Armed with these synthetic utterances that represented our customer’s questions, and subject matter expert vetted acceptance criteria, we then hit the next phase of our operation: tooling.
    
                
            
        Building and Applying Agents Testing Agents
In the early days of Agentforce, we manually read every chat transcript. Truly. It was messy and time-consuming. As conversations grew, it quickly became impossible to keep up.

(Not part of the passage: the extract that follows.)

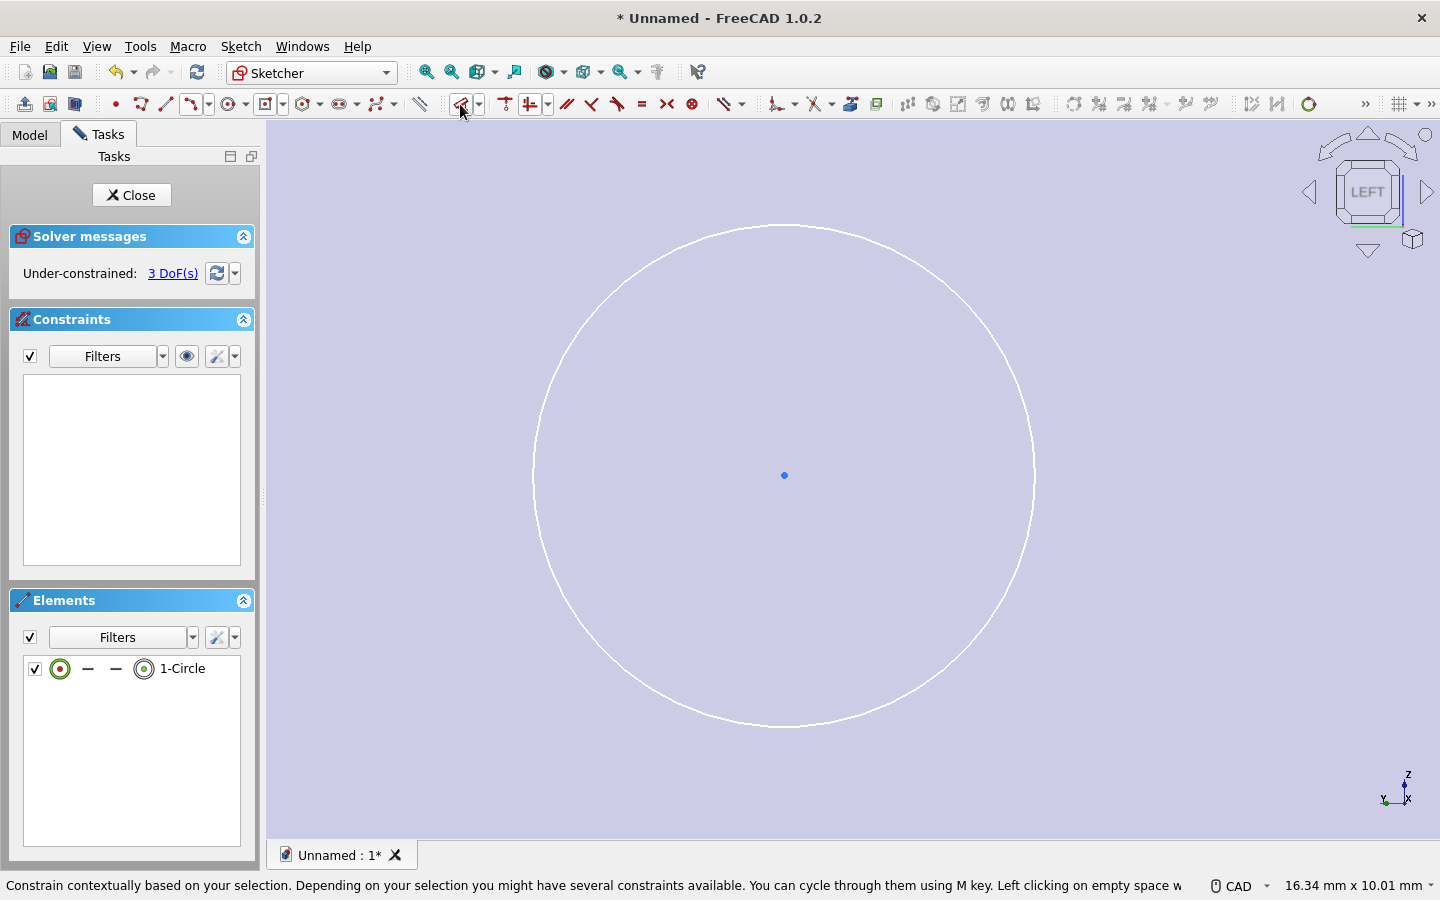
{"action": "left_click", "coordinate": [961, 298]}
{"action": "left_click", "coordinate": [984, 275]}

That’s where Synthetic Utterances and Acceptance Criteria became crucial. They let us test Agentforce without relying on live customer interactions. But we still needed a tool to make Agents Testing Agents a reality.
Thankfully, our amazing Engineering team at Salesforce stepped in. We shared the requirements, and they built a tool using Salesforce Apps and public Agentforce APIs. We called it Agents Testing Agents.
Here’s how it works:
- We input our repository of Synthetic Utterances (test questions) and Acceptance Criteria into the tool.
 - The tool asks Agentforce that question in our live environment
 - Agentforce responds, and the tool checks the answer against our Acceptance Criteria.
 - The result (pass/fail) is shown in a Salesforce report, which we can export to tools like Sheets, Excel, or Tableau.
 
This process gives us our Answer Quality Score.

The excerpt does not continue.